**Data to examine:**
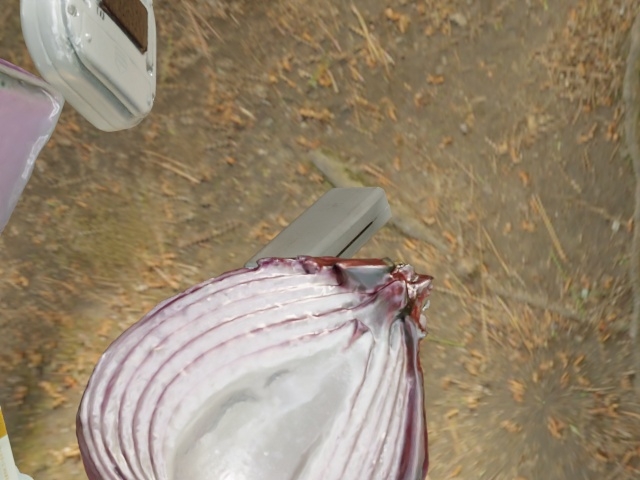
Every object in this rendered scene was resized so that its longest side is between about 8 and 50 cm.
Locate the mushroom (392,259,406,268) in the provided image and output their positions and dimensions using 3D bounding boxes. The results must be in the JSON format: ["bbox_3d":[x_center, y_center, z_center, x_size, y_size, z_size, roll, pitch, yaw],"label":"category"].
[{"bbox_3d":[0.084,0.122,1.745,0.147,0.227,0.218,10,74,12],"label":"mushroom"}]

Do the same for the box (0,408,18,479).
[{"bbox_3d":[-0.414,0.188,1.295,0.220,0.032,0.122,22,129,36],"label":"box"}]

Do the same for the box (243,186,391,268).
[{"bbox_3d":[0.000,0.000,1.585,0.103,0.243,0.055,1,117,32],"label":"box"}]

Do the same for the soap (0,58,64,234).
[{"bbox_3d":[-0.222,-0.015,0.392,0.081,0.259,0.181,28,95,26],"label":"soap"}]

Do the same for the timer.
[{"bbox_3d":[-0.288,-0.280,1.519,0.087,0.262,0.237,-8,66,16],"label":"timer"}]

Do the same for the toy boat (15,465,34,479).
[{"bbox_3d":[-0.544,0.432,1.856,0.290,0.100,0.200,14,87,-2],"label":"toy boat"}]

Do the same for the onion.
[{"bbox_3d":[-0.024,0.123,0.851,0.283,0.120,0.227,-39,80,-20],"label":"onion"}]
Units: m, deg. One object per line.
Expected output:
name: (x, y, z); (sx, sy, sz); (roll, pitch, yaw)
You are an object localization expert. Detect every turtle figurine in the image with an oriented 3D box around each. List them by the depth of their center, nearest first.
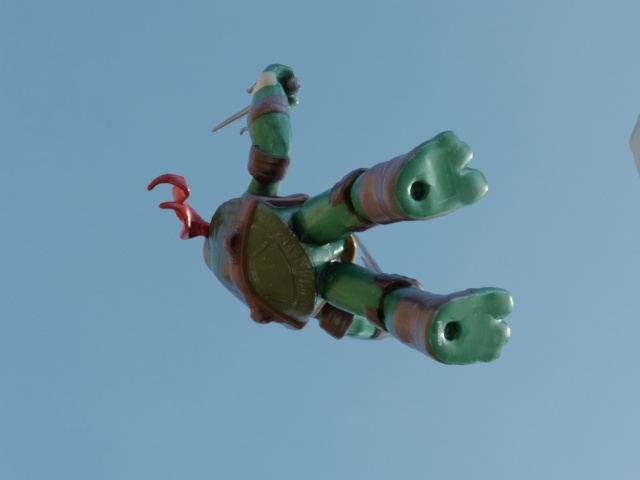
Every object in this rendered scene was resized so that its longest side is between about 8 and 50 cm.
turtle figurine: (0.000, 0.000, 0.677); (0.234, 0.118, 0.175); (9, -45, 56)

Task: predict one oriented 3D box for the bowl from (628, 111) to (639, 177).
bowl: (0.231, -0.101, 0.723); (0.053, 0.142, 0.142); (23, -38, 8)
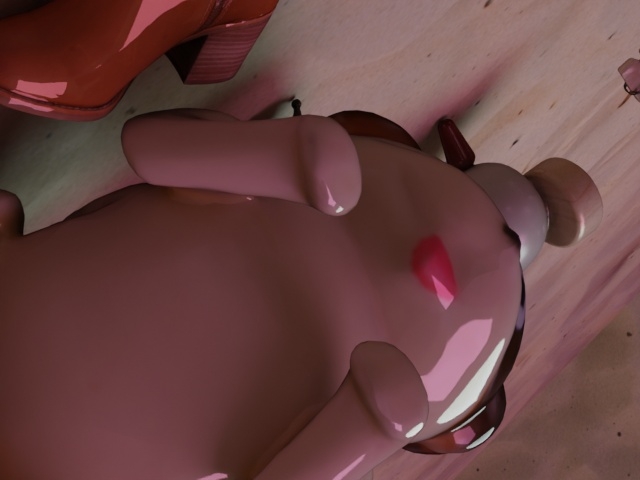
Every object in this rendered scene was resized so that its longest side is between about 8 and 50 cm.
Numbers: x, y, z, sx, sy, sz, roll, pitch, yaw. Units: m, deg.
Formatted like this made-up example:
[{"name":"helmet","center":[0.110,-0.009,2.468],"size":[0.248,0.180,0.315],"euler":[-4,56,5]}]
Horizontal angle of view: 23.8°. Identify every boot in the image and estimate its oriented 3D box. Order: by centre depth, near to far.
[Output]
[{"name":"boot","center":[-0.091,-0.146,0.779],"size":[0.197,0.073,0.152],"euler":[-20,146,-45]}]

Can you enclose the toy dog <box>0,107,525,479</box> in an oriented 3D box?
[{"name":"toy dog","center":[-0.058,0.073,0.904],"size":[0.408,0.285,0.395],"euler":[-18,164,-21]}]

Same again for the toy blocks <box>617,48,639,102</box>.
[{"name":"toy blocks","center":[0.309,-0.232,1.028],"size":[0.309,0.288,0.260],"euler":[-41,169,9]}]

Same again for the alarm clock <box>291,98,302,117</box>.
[{"name":"alarm clock","center":[0.000,0.000,1.104],"size":[0.129,0.192,0.064],"euler":[-37,164,-10]}]

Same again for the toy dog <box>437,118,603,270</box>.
[{"name":"toy dog","center":[0.112,-0.008,1.474],"size":[0.333,0.161,0.220],"euler":[-36,173,42]}]
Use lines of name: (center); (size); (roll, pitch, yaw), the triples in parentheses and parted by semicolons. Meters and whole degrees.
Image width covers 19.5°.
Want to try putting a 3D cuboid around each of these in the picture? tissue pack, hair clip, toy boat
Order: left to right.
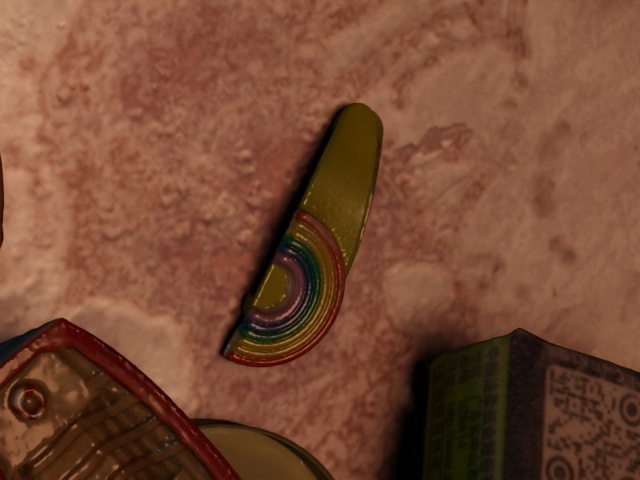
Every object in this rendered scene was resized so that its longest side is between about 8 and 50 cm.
toy boat: (-0.079, 0.216, 1.104); (0.136, 0.079, 0.392); (-42, 112, -21)
hair clip: (0.000, 0.000, 1.192); (0.060, 0.033, 0.188); (27, 80, -29)
tissue pack: (0.186, 0.283, 1.199); (0.288, 0.124, 0.394); (21, 61, -31)

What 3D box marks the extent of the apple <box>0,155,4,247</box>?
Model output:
apple: (-0.326, -0.022, 0.929); (0.293, 0.163, 0.251); (-11, 91, -43)

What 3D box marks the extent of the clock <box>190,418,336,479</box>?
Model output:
clock: (-0.077, 0.228, 1.166); (0.235, 0.029, 0.235); (-2, 95, -30)
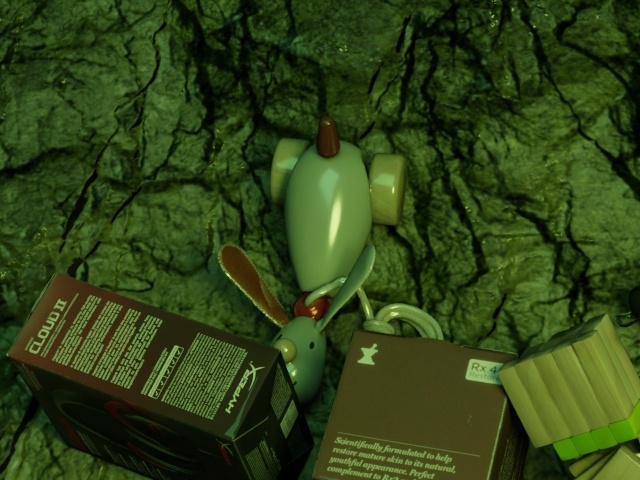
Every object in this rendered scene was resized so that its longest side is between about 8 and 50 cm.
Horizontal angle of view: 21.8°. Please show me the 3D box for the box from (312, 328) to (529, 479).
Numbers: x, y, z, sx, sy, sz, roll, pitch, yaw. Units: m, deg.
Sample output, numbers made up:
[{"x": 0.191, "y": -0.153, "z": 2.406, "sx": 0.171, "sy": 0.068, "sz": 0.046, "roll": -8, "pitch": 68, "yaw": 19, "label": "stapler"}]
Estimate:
[{"x": 0.105, "y": 0.216, "z": 1.631, "sx": 0.168, "sy": 0.203, "sz": 0.167, "roll": 8, "pitch": 60, "yaw": 17, "label": "box"}]

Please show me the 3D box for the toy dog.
[{"x": 0.000, "y": 0.000, "z": 1.813, "sx": 0.220, "sy": 0.161, "sz": 0.333, "roll": -12, "pitch": 56, "yaw": 3, "label": "toy dog"}]

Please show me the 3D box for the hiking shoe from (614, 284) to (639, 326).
[{"x": 0.439, "y": -0.017, "z": 1.769, "sx": 0.132, "sy": 0.113, "sz": 0.304, "roll": 25, "pitch": 65, "yaw": 23, "label": "hiking shoe"}]

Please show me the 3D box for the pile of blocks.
[{"x": 0.331, "y": 0.209, "z": 1.542, "sx": 0.362, "sy": 0.149, "sz": 0.112, "roll": 42, "pitch": 35, "yaw": 7, "label": "pile of blocks"}]

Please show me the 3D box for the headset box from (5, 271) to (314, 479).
[{"x": -0.172, "y": 0.160, "z": 1.710, "sx": 0.293, "sy": 0.218, "sz": 0.110, "roll": 18, "pitch": 63, "yaw": 20, "label": "headset box"}]
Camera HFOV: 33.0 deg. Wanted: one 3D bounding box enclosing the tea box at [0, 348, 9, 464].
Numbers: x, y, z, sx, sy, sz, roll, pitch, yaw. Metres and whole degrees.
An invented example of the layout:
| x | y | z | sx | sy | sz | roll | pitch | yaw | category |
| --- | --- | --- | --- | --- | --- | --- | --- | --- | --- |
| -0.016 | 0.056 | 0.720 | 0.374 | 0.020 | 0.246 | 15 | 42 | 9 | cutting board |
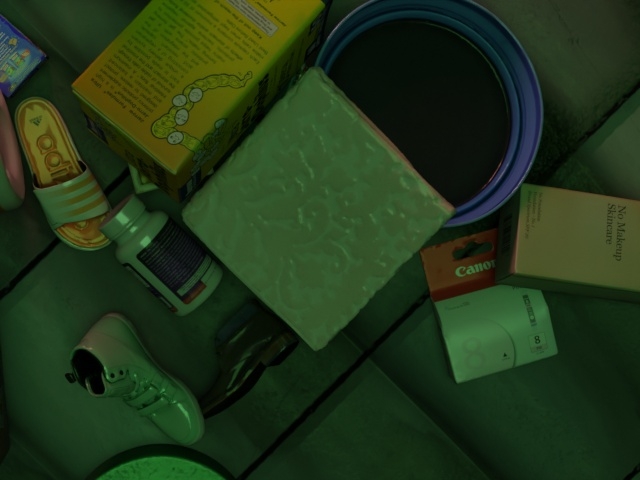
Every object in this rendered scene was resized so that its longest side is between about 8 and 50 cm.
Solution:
| x | y | z | sx | sy | sz | roll | pitch | yaw | category |
| --- | --- | --- | --- | --- | --- | --- | --- | --- | --- |
| -0.657 | 0.201 | 1.630 | 0.323 | 0.220 | 0.329 | -5 | 95 | -8 | tea box |

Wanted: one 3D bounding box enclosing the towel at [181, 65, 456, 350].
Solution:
| x | y | z | sx | sy | sz | roll | pitch | yaw | category |
| --- | --- | --- | --- | --- | --- | --- | --- | --- | --- |
| -0.007 | -0.045 | 1.665 | 0.317 | 0.053 | 0.332 | 45 | 110 | 1 | towel |

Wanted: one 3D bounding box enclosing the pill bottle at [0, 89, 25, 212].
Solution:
| x | y | z | sx | sy | sz | roll | pitch | yaw | category |
| --- | --- | --- | --- | --- | --- | --- | --- | --- | --- |
| -0.660 | -0.113 | 1.600 | 0.392 | 0.224 | 0.224 | -14 | 97 | -6 | pill bottle |

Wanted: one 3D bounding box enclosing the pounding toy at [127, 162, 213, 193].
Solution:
| x | y | z | sx | sy | sz | roll | pitch | yaw | category |
| --- | --- | --- | --- | --- | --- | --- | --- | --- | --- |
| -0.232 | -0.197 | 1.719 | 0.181 | 0.094 | 0.206 | -15 | 97 | -6 | pounding toy |

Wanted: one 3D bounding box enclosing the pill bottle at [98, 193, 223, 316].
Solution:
| x | y | z | sx | sy | sz | roll | pitch | yaw | category |
| --- | --- | --- | --- | --- | --- | --- | --- | --- | --- |
| -0.256 | 0.020 | 1.716 | 0.108 | 0.108 | 0.193 | -45 | 107 | -2 | pill bottle |

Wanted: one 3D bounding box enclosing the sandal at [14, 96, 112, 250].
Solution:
| x | y | z | sx | sy | sz | roll | pitch | yaw | category |
| --- | --- | --- | --- | --- | --- | --- | --- | --- | --- |
| -0.416 | -0.101 | 1.710 | 0.102 | 0.076 | 0.265 | -26 | 98 | -5 | sandal |

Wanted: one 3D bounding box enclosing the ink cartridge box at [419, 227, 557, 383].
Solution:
| x | y | z | sx | sy | sz | roll | pitch | yaw | category |
| --- | --- | --- | --- | --- | --- | --- | --- | --- | --- |
| 0.286 | 0.107 | 1.838 | 0.189 | 0.066 | 0.232 | -15 | 100 | -7 | ink cartridge box |

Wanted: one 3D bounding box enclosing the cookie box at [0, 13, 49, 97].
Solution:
| x | y | z | sx | sy | sz | roll | pitch | yaw | category |
| --- | --- | --- | --- | --- | --- | --- | --- | --- | --- |
| -0.499 | -0.293 | 1.701 | 0.107 | 0.040 | 0.092 | 43 | 88 | -9 | cookie box |

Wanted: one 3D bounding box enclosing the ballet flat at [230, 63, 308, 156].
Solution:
| x | y | z | sx | sy | sz | roll | pitch | yaw | category |
| --- | --- | --- | --- | --- | --- | --- | --- | --- | --- |
| -0.075 | -0.187 | 1.759 | 0.077 | 0.091 | 0.241 | 26 | 96 | -39 | ballet flat |

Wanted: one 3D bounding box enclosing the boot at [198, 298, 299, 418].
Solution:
| x | y | z | sx | sy | sz | roll | pitch | yaw | category |
| --- | --- | --- | --- | --- | --- | --- | --- | --- | --- |
| -0.147 | 0.199 | 1.789 | 0.219 | 0.082 | 0.106 | -41 | 74 | 5 | boot |

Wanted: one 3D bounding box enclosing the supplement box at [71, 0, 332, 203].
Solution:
| x | y | z | sx | sy | sz | roll | pitch | yaw | category |
| --- | --- | --- | --- | --- | --- | --- | --- | --- | --- |
| -0.168 | -0.262 | 1.596 | 0.195 | 0.194 | 0.356 | 39 | 79 | 3 | supplement box |

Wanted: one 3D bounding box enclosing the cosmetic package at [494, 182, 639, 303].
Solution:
| x | y | z | sx | sy | sz | roll | pitch | yaw | category |
| --- | --- | --- | --- | --- | --- | --- | --- | --- | --- |
| 0.458 | 0.011 | 1.808 | 0.309 | 0.113 | 0.160 | 7 | 78 | -8 | cosmetic package |

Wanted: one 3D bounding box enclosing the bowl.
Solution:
| x | y | z | sx | sy | sz | roll | pitch | yaw | category |
| --- | --- | --- | --- | --- | --- | --- | --- | --- | --- |
| 0.166 | -0.208 | 1.751 | 0.391 | 0.077 | 0.391 | 1 | 84 | -12 | bowl |

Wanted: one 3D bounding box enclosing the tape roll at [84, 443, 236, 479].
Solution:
| x | y | z | sx | sy | sz | roll | pitch | yaw | category |
| --- | --- | --- | --- | --- | --- | --- | --- | --- | --- |
| -0.266 | 0.502 | 1.783 | 0.321 | 0.077 | 0.321 | -1 | 95 | -9 | tape roll |

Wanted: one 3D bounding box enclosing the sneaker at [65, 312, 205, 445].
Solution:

**Exercise:** Among the records above, extract exactly the lines from the line with "Units: m, deg. One object per line." to the line with "You are an object", both lines included, and leave out the rest.

**Task solution:**
Units: m, deg. One object per line.
Expected output:
name: (x, y, z); (sx, sy, sz); (roll, pitch, yaw)
You are an object localization expert. Detect every turtle figurine in the image with an oriented 3D box around each. List them by the depth of their center, nearest first.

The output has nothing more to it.